[Dataset excerpts]
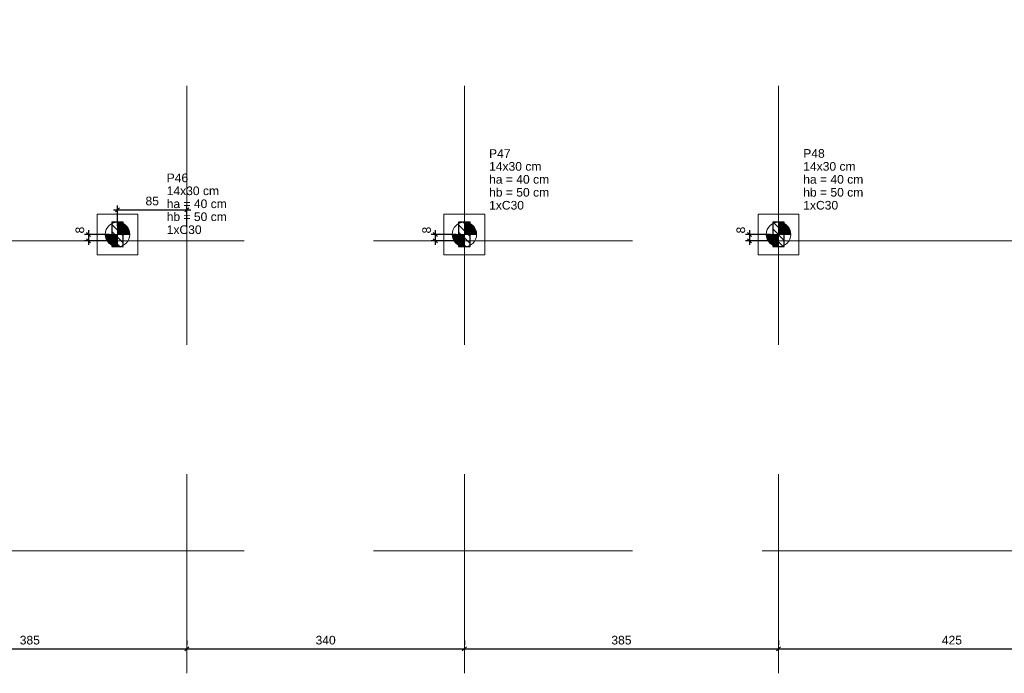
# Model space of a CAD drawing. Header units: millimetres. Extents: x 10906 to 25863, y 1966 to 4861.
# Tile 4 of 163: x 10927 to 10952, y 2920 to 2936. Entities that reach past the tile are written whole.
import ezdxf

# ---------------------------------------------------------------- set-up
doc = ezdxf.new("R2010")
doc.units = ezdxf.units.MM
doc.linetypes.add('DASHED2', pattern=[9.525, 6.35, -3.175])
for name, color, linetype, lineweight in [('LC-Cotas', 4, 'Continuous', 5), ('LC-Eixos', 5, 'DASHED2', 5), ('LC-Estacas dos blocos', 252, 'Continuous', 5), ('LC-Hachuras dos pilares', 8, 'Continuous', 5), ('LC-Seção das fundações', 7, 'Continuous', 5), ('LC-Seção dos pilares', 4, 'Continuous', 30), ('LC-Textos', 7, 'Continuous', 20)]:
    doc.layers.add(name, color=color, linetype=linetype, lineweight=lineweight)
doc.styles.add('Arial', font='arial.ttf')
doc.styles.get("Standard").update_dxf_attribs({"font": 'arial.ttf'})
doc.dimstyles.new('UM_50.000000', dxfattribs={"dimtxt": 0.18, "dimasz": 0.2, "dimexe": 0.2, "dimexo": 0.5, "dimgap": 0, "dimtad": 1, "dimtih": 1, "dimtoh": 1, "dimlfac": 50, "dimzin": 0, "dimdsep": 46, "dimtxsty": 'Standard', "dimcen": 0.09, "dimdle": 0.2, "dimclrd": 256, "dimclre": 256, "dimclrt": 7, "dimazin": 0, "dimtfac": 1, "dimtofl": 0, "dimtmove": 0, "dimatfit": 3, "dimfxl": 1, "dimtolj": 1, "dimtzin": 0, "dimarcsym": 0})
pattern_1 = [(135, (10908.55917, 2930.6675), (-0.08838835, -0.08838835), [])]

# ---------------------------------------------------------------- blocks, each defined once
blk = doc.blocks.new('_Oblique')
at = {"color": 0, "linetype": 'ByBlock', "lineweight": -2}
blk.add_line((-0.5, -0.5), (0.5, 0.5), dxfattribs=at)
blk = doc.blocks.new('*D1352')
at = {"layer": 'Defpoints', "color": 0, "transparency": 16777216}
for p in [(10929.147, 2930.668), (10929.859, 2930.828), (10929.859, 2930.668)]:
    blk.add_point(p, dxfattribs=at)
at = {"layer": 'LC-Cotas', "lineweight": -2, "transparency": 16777216}
for p, q in [((10929.147, 2930.928), (10929.147, 2930.568)), ((10929.659, 2930.828), (10929.047, 2930.828)), ((10929.659, 2930.668), (10929.047, 2930.668))]:
    blk.add_line(p, q, dxfattribs=at)
at = {"layer": 'LC-Cotas', "lineweight": -2, "transparency": 16777216, "xscale": 0.1, "yscale": 0.1, "zscale": 0.1}
for p, rotation in [((10929.147, 2930.828), 90), ((10929.147, 2930.668), 270)]:
    blk.add_blockref('_Oblique', p, dxfattribs=dict(at, rotation=rotation))
at = {"layer": 'LC-Cotas', "color": 7, "transparency": 16777216, "insert": (10928.936, 2930.933), "char_height": 0.2118, "attachment_point": 5, "rotation": 90, "style": 'Arial'}
blk.add_mtext('\\A1;8', dxfattribs=at)
blk = doc.blocks.new('*D1353')
at = {"layer": 'Defpoints', "color": 0, "transparency": 16777216}
for p in [(10937.647, 2930.668), (10938.359, 2930.828), (10938.359, 2930.668)]:
    blk.add_point(p, dxfattribs=at)
at = {"layer": 'LC-Cotas', "lineweight": -2, "transparency": 16777216}
for p, q in [((10937.647, 2930.928), (10937.647, 2930.568)), ((10938.159, 2930.828), (10937.547, 2930.828)), ((10938.159, 2930.668), (10937.547, 2930.668))]:
    blk.add_line(p, q, dxfattribs=at)
at = {"layer": 'LC-Cotas', "lineweight": -2, "transparency": 16777216, "xscale": 0.1, "yscale": 0.1, "zscale": 0.1}
for p, rotation in [((10937.647, 2930.828), 90), ((10937.647, 2930.668), 270)]:
    blk.add_blockref('_Oblique', p, dxfattribs=dict(at, rotation=rotation))
at = {"layer": 'LC-Cotas', "color": 7, "transparency": 16777216, "insert": (10937.436, 2930.933), "char_height": 0.2118, "attachment_point": 5, "rotation": 90, "style": 'Arial'}
blk.add_mtext('\\A1;8', dxfattribs=at)
blk = doc.blocks.new('*D1354')
at = {"layer": 'Defpoints', "color": 0, "transparency": 16777216}
for p in [(10945.347, 2930.668), (10946.059, 2930.828), (10946.059, 2930.668)]:
    blk.add_point(p, dxfattribs=at)
at = {"layer": 'LC-Cotas', "lineweight": -2, "transparency": 16777216}
for p, q in [((10945.347, 2930.928), (10945.347, 2930.568)), ((10945.859, 2930.828), (10945.247, 2930.828)), ((10945.859, 2930.668), (10945.247, 2930.668))]:
    blk.add_line(p, q, dxfattribs=at)
at = {"layer": 'LC-Cotas', "lineweight": -2, "transparency": 16777216, "xscale": 0.1, "yscale": 0.1, "zscale": 0.1}
for p, rotation in [((10945.347, 2930.828), 90), ((10945.347, 2930.668), 270)]:
    blk.add_blockref('_Oblique', p, dxfattribs=dict(at, rotation=rotation))
at = {"layer": 'LC-Cotas', "color": 7, "transparency": 16777216, "insert": (10945.136, 2930.933), "char_height": 0.2118, "attachment_point": 5, "rotation": 90, "style": 'Arial'}
blk.add_mtext('\\A1;8', dxfattribs=at)
blk = doc.blocks.new('*D1398')
at = {"layer": 'Defpoints', "color": 0, "transparency": 16777216}
for p in [(10931.559, 2931.433), (10929.859, 2930.828), (10931.559, 2930.828)]:
    blk.add_point(p, dxfattribs=at)
at = {"layer": 'LC-Cotas', "lineweight": -2, "transparency": 16777216}
for p, q in [((10929.759, 2931.433), (10931.659, 2931.433)), ((10929.859, 2931.028), (10929.859, 2931.533)), ((10931.559, 2931.028), (10931.559, 2931.533))]:
    blk.add_line(p, q, dxfattribs=at)
at = {"layer": 'LC-Cotas', "lineweight": -2, "transparency": 16777216, "xscale": 0.1, "yscale": 0.1, "zscale": 0.1, "rotation": 180}
blk.add_blockref('_Oblique', (10929.859, 2931.433), dxfattribs=at)
at = {"layer": 'LC-Cotas', "lineweight": -2, "transparency": 16777216, "xscale": 0.1, "yscale": 0.1, "zscale": 0.1}
blk.add_blockref('_Oblique', (10931.559, 2931.433), dxfattribs=at)
at = {"layer": 'LC-Cotas', "color": 7, "transparency": 16777216, "insert": (10930.709, 2931.645), "char_height": 0.2118, "attachment_point": 5, "rotation": 0.0057, "style": 'Arial'}
blk.add_mtext('\\A1;85', dxfattribs=at)
blk = doc.blocks.new('*D1323')
at = {"layer": 'Defpoints', "color": 0, "transparency": 16777216}
for p in [(10923.859, 2920.668), (10931.559, 2920.668), (10931.559, 2920.668)]:
    blk.add_point(p, dxfattribs=at)
at = {"layer": 'LC-Cotas', "lineweight": -2, "transparency": 16777216}
for p, q in [((10923.859, 2920.868), (10923.859, 2920.768)), ((10931.559, 2920.868), (10931.559, 2920.768)), ((10923.759, 2920.668), (10931.659, 2920.668))]:
    blk.add_line(p, q, dxfattribs=at)
at = {"layer": 'LC-Cotas', "lineweight": -2, "transparency": 16777216, "xscale": 0.1, "yscale": 0.1, "zscale": 0.1, "rotation": 180}
blk.add_blockref('_Oblique', (10923.859, 2920.668), dxfattribs=at)
at = {"layer": 'LC-Cotas', "lineweight": -2, "transparency": 16777216, "xscale": 0.1, "yscale": 0.1, "zscale": 0.1}
blk.add_blockref('_Oblique', (10931.559, 2920.668), dxfattribs=at)
at = {"layer": 'LC-Cotas', "color": 7, "transparency": 16777216, "insert": (10927.709, 2920.879), "char_height": 0.2118, "attachment_point": 5, "rotation": 0.0057, "style": 'Arial'}
blk.add_mtext('\\A1;385', dxfattribs=at)
blk = doc.blocks.new('*D1324')
at = {"layer": 'Defpoints', "color": 0, "transparency": 16777216}
for p in [(10931.559, 2920.668), (10938.359, 2920.668), (10938.359, 2920.668)]:
    blk.add_point(p, dxfattribs=at)
at = {"layer": 'LC-Cotas', "lineweight": -2, "transparency": 16777216}
for p, q in [((10931.559, 2920.868), (10931.559, 2920.768)), ((10938.359, 2920.868), (10938.359, 2920.768)), ((10931.459, 2920.668), (10938.459, 2920.668))]:
    blk.add_line(p, q, dxfattribs=at)
at = {"layer": 'LC-Cotas', "lineweight": -2, "transparency": 16777216, "xscale": 0.1, "yscale": 0.1, "zscale": 0.1, "rotation": 180}
blk.add_blockref('_Oblique', (10931.559, 2920.668), dxfattribs=at)
at = {"layer": 'LC-Cotas', "lineweight": -2, "transparency": 16777216, "xscale": 0.1, "yscale": 0.1, "zscale": 0.1}
blk.add_blockref('_Oblique', (10938.359, 2920.668), dxfattribs=at)
at = {"layer": 'LC-Cotas', "color": 7, "transparency": 16777216, "insert": (10934.959, 2920.879), "char_height": 0.2118, "attachment_point": 5, "rotation": 0.0057, "style": 'Arial'}
blk.add_mtext('\\A1;340', dxfattribs=at)
blk = doc.blocks.new('*D1325')
at = {"layer": 'Defpoints', "color": 0, "transparency": 16777216}
for p in [(10938.359, 2920.668), (10946.059, 2920.668), (10946.059, 2920.668)]:
    blk.add_point(p, dxfattribs=at)
at = {"layer": 'LC-Cotas', "lineweight": -2, "transparency": 16777216}
for p, q in [((10938.359, 2920.868), (10938.359, 2920.768)), ((10946.059, 2920.868), (10946.059, 2920.768)), ((10938.259, 2920.668), (10946.159, 2920.668))]:
    blk.add_line(p, q, dxfattribs=at)
at = {"layer": 'LC-Cotas', "lineweight": -2, "transparency": 16777216, "xscale": 0.1, "yscale": 0.1, "zscale": 0.1, "rotation": 180}
blk.add_blockref('_Oblique', (10938.359, 2920.668), dxfattribs=at)
at = {"layer": 'LC-Cotas', "lineweight": -2, "transparency": 16777216, "xscale": 0.1, "yscale": 0.1, "zscale": 0.1}
blk.add_blockref('_Oblique', (10946.059, 2920.668), dxfattribs=at)
at = {"layer": 'LC-Cotas', "color": 7, "transparency": 16777216, "insert": (10942.209, 2920.879), "char_height": 0.2118, "attachment_point": 5, "rotation": 0.0057, "style": 'Arial'}
blk.add_mtext('\\A1;385', dxfattribs=at)
blk = doc.blocks.new('*D1326')
at = {"layer": 'Defpoints', "color": 0, "transparency": 16777216}
for p in [(10946.059, 2920.668), (10954.559, 2920.668), (10954.559, 2920.668)]:
    blk.add_point(p, dxfattribs=at)
at = {"layer": 'LC-Cotas', "lineweight": -2, "transparency": 16777216}
for p, q in [((10946.059, 2920.868), (10946.059, 2920.768)), ((10954.559, 2920.868), (10954.559, 2920.768)), ((10945.959, 2920.668), (10954.659, 2920.668))]:
    blk.add_line(p, q, dxfattribs=at)
at = {"layer": 'LC-Cotas', "lineweight": -2, "transparency": 16777216, "xscale": 0.1, "yscale": 0.1, "zscale": 0.1, "rotation": 180}
blk.add_blockref('_Oblique', (10946.059, 2920.668), dxfattribs=at)
at = {"layer": 'LC-Cotas', "lineweight": -2, "transparency": 16777216, "xscale": 0.1, "yscale": 0.1, "zscale": 0.1}
blk.add_blockref('_Oblique', (10954.559, 2920.668), dxfattribs=at)
at = {"layer": 'LC-Cotas', "color": 7, "transparency": 16777216, "insert": (10950.309, 2920.879), "char_height": 0.2118, "attachment_point": 5, "rotation": 0.0057, "style": 'Arial'}
blk.add_mtext('\\A1;425', dxfattribs=at)

msp = doc.modelspace()

# ---------------------------------------------------------------- hatches: boundary and pattern name
at = {"layer": 'LC-Estacas dos blocos', "linetype": 'Continuous'}
for points in [[(10930.14895, 2930.90515), (10930.11898, 2930.97751), (10930.0713, 2931.03964), (10930.00917, 2931.08731), (10929.93681, 2931.11728), (10929.85917, 2931.12751), (10929.85917, 2930.82751), (10930.15917, 2930.82751), (10930.14895, 2930.90515)], [(10938.64895, 2930.90515), (10938.61898, 2930.97751), (10938.5713, 2931.03964), (10938.50917, 2931.08731), (10938.43681, 2931.11728), (10938.35917, 2931.12751), (10938.35917, 2930.82751), (10938.65917, 2930.82751), (10938.64895, 2930.90515)], [(10946.34895, 2930.90515), (10946.31898, 2930.97751), (10946.2713, 2931.03964), (10946.20917, 2931.08731), (10946.13681, 2931.11728), (10946.05917, 2931.12751), (10946.05917, 2930.82751), (10946.35917, 2930.82751), (10946.34895, 2930.90515)], [(10929.78152, 2930.53773), (10929.85917, 2930.52751), (10929.85917, 2930.82751), (10929.55917, 2930.82751), (10929.56939, 2930.74986), (10929.59936, 2930.67751), (10929.64704, 2930.61537), (10929.70917, 2930.5677), (10929.78152, 2930.53773)], [(10938.28152, 2930.53773), (10938.35917, 2930.52751), (10938.35917, 2930.82751), (10938.05917, 2930.82751), (10938.06939, 2930.74986), (10938.09936, 2930.67751), (10938.14704, 2930.61537), (10938.20917, 2930.5677), (10938.28152, 2930.53773)], [(10945.98152, 2930.53773), (10946.05917, 2930.52751), (10946.05917, 2930.82751), (10945.75917, 2930.82751), (10945.76939, 2930.74986), (10945.79936, 2930.67751), (10945.84704, 2930.61537), (10945.90917, 2930.5677), (10945.98152, 2930.53773)]]:
    msp.add_hatch(color=256, dxfattribs=at).paths.add_polyline_path(points)
at = {"layer": 'LC-Hachuras dos pilares', "linetype": 'Continuous'}
h = msp.add_hatch(dxfattribs=at)
h.set_pattern_fill('ANSI31', color=256, angle=90, style=0)
h.set_pattern_definition(pattern_1)
h.paths.add_polyline_path([(10929.71917, 2930.52751), (10929.99917, 2930.52751), (10929.99917, 2931.12751), (10929.71917, 2931.12751), (10929.71917, 2930.52751)])
h = msp.add_hatch(dxfattribs=at)
h.set_pattern_fill('ANSI31', color=256, angle=90, style=0)
h.set_pattern_definition(pattern_1)
h.paths.add_polyline_path([(10938.21917, 2930.52751), (10938.49917, 2930.52751), (10938.49917, 2931.12751), (10938.21917, 2931.12751), (10938.21917, 2930.52751)])
h = msp.add_hatch(dxfattribs=at)
h.set_pattern_fill('ANSI31', color=256, angle=90, style=0)
h.set_pattern_definition(pattern_1)
h.paths.add_polyline_path([(10945.91917, 2930.52751), (10946.19917, 2930.52751), (10946.19917, 2931.12751), (10945.91917, 2931.12751), (10945.91917, 2930.52751)])

# ---------------------------------------------------------------- linework, layer by layer
at = {"layer": 'LC-Eixos'}
for p, q in [((10931.55917, 2982.09601), (10931.55917, 2920.56751)), ((10938.35917, 2982.09601), (10938.35917, 2920.56751)), ((10946.05917, 2982.09601), (10946.05917, 2920.56751)), ((10907.55917, 2930.66751), (10993.94087, 2930.66751)), ((10907.55917, 2923.06751), (10993.94087, 2923.06751)), ((10931.55917, 2920.06751), (10931.55917, 2920.56751)), ((10938.35917, 2920.06751), (10938.35917, 2920.56751)), ((10946.05917, 2920.06751), (10946.05917, 2920.56751))]:
    msp.add_line(p, q, dxfattribs=at)
at = {"layer": 'LC-Estacas dos blocos'}
for p, q in [((10929.85917, 2930.52751), (10929.85917, 2931.12751)), ((10938.35917, 2930.52751), (10938.35917, 2931.12751)), ((10946.05917, 2930.52751), (10946.05917, 2931.12751)), ((10929.55917, 2930.82751), (10930.15917, 2930.82751)), ((10938.05917, 2930.82751), (10938.65917, 2930.82751)), ((10945.75917, 2930.82751), (10946.35917, 2930.82751))]:
    msp.add_line(p, q, dxfattribs=at)
for centre in [(10929.85917, 2930.82751), (10938.35917, 2930.82751), (10946.05917, 2930.82751)]:
    msp.add_circle(centre, 0.3, dxfattribs=at)
at = {"layer": 'LC-Seção das fundações'}
for points in [[(10929.35917, 2931.32751), (10929.35917, 2930.32751), (10930.35917, 2930.32751), (10930.35917, 2931.32751), (10929.35917, 2931.32751)], [(10937.85917, 2931.32751), (10937.85917, 2930.32751), (10938.85917, 2930.32751), (10938.85917, 2931.32751), (10937.85917, 2931.32751)], [(10945.55917, 2931.32751), (10945.55917, 2930.32751), (10946.55917, 2930.32751), (10946.55917, 2931.32751), (10945.55917, 2931.32751)]]:
    msp.add_lwpolyline(points, close=True, dxfattribs=at)
at = {"layer": 'LC-Seção dos pilares'}
for points in [[(10929.71917, 2930.52751), (10929.99917, 2930.52751), (10929.99917, 2931.12751), (10929.71917, 2931.12751), (10929.71917, 2930.52751)], [(10938.21917, 2930.52751), (10938.49917, 2930.52751), (10938.49917, 2931.12751), (10938.21917, 2931.12751), (10938.21917, 2930.52751)], [(10945.91917, 2930.52751), (10946.19917, 2930.52751), (10946.19917, 2931.12751), (10945.91917, 2931.12751), (10945.91917, 2930.52751)]]:
    msp.add_lwpolyline(points, close=True, dxfattribs=at)

# ---------------------------------------------------------------- texts
at = {"layer": 'LC-Textos', "linetype": 'Continuous', "char_height": 0.2118, "attachment_point": 7, "line_spacing_factor": 0.798, "style": 'Arial'}
for s, insert, width in [('P47', (10938.96507, 2932.70421), 1.0603937), ('P48', (10946.66507, 2932.70421), 1.0603937), ('14x30 cm', (10938.96507, 2932.38651), 2.5798072), ('14x30 cm', (10946.66507, 2932.38651), 2.5798072), ('P46', (10931.06413, 2932.10514), 1.0538074), ('ha = 40 cm', (10938.96507, 2932.06881), 2.9661973), ('ha = 40 cm', (10946.66507, 2932.06881), 2.9661973), ('14x30 cm', (10931.06413, 2931.78744), 2.5637836), ('hb = 50 cm', (10938.96507, 2931.75111), 2.9661973), ('hb = 50 cm', (10946.66507, 2931.75111), 2.9661973), ('ha = 40 cm', (10931.06413, 2931.46974), 2.9477737), ('1xC30', (10938.96507, 2931.43341), 1.7169663), ('1xC30', (10946.66507, 2931.43341), 1.7169663), ('hb = 50 cm', (10931.06413, 2931.15204), 2.9477737), ('1xC30', (10931.06413, 2930.83434), 1.7063019)]:
    msp.add_mtext(s, dxfattribs=dict(at, insert=insert, width=width))

# ---------------------------------------------------------------- dimensions: what is measured, and where the dimension line sits
at = {"layer": 'LC-Cotas'}
for base, p1, p2, picture, middle in [((10931.55917, 2931.43341), (10929.85917, 2930.82751), (10931.55917, 2930.82751), '*D1398', (10930.70917, 2931.64521)), ((10931.55917, 2920.66751), (10923.85917, 2920.66751), (10931.55917, 2920.66751), '*D1323', (10927.70917, 2920.87931)), ((10938.35917, 2920.66751), (10931.55917, 2920.66751), (10938.35917, 2920.66751), '*D1324', (10934.95917, 2920.87931)), ((10946.05917, 2920.66751), (10938.35917, 2920.66751), (10946.05917, 2920.66751), '*D1325', (10942.20917, 2920.87931)), ((10954.55917, 2920.66751), (10946.05917, 2920.66751), (10954.55917, 2920.66751), '*D1326', (10950.30917, 2920.87931))]:
    dim = msp.add_linear_dim(base=base, p1=p1, p2=p2, dimstyle='UM_50.000000', override={"dimtxt": 0.2118, "dimasz": 0.1, "dimexe": 0.1, "dimexo": 0.2, "dimtad": 1, "dimtih": 0, "dimtoh": 0, "dimdec": 1, "dimlfac": 50, "dimzin": 8, "dimtxsty": 'Arial', "dimblk": 'Oblique', "dimblk1": 'Oblique', "dimblk2": 'Oblique', "dimsah": 1, "dimdle": 0.1, "dimse1": 0, "dimse2": 0, "dimclrt": 7, "dimadec": 1, "dimazin": 3, "dimtmove": 2, "dimldrblk": 'Oblique'}, dxfattribs=at)
    dim.commit()
    dim.dimension.update_dxf_attribs({"geometry": picture, "text_midpoint": middle, "dimtype": 160, "text_rotation": 0.00573})
for base, p1, p2, picture, middle in [((10929.14737, 2930.66751), (10929.85917, 2930.82751), (10929.85917, 2930.66751), '*D1352', (10928.93557, 2930.93341)), ((10937.64737, 2930.66751), (10938.35917, 2930.82751), (10938.35917, 2930.66751), '*D1353', (10937.43557, 2930.93341)), ((10945.34737, 2930.66751), (10946.05917, 2930.82751), (10946.05917, 2930.66751), '*D1354', (10945.13557, 2930.93341))]:
    dim = msp.add_linear_dim(base=base, p1=p1, p2=p2, angle=90, dimstyle='UM_50.000000', override={"dimtxt": 0.2118, "dimasz": 0.1, "dimexe": 0.1, "dimexo": 0.2, "dimtad": 1, "dimtih": 0, "dimtoh": 0, "dimdec": 1, "dimlfac": 50, "dimzin": 8, "dimtxsty": 'Arial', "dimblk": 'Oblique', "dimblk1": 'Oblique', "dimblk2": 'Oblique', "dimsah": 1, "dimdle": 0.1, "dimse1": 0, "dimse2": 0, "dimclrt": 7, "dimadec": 1, "dimazin": 3, "dimtmove": 2, "dimldrblk": 'Oblique'}, dxfattribs=at)
    dim.commit()
    dim.dimension.update_dxf_attribs({"geometry": picture, "text_midpoint": middle, "dimtype": 160, "text_rotation": 90})

doc.saveas('drawing.dxf')

▶ **Your goal**
Total lines with "Textos" in the records above: report that figure alone.

▶ **Task solution**
2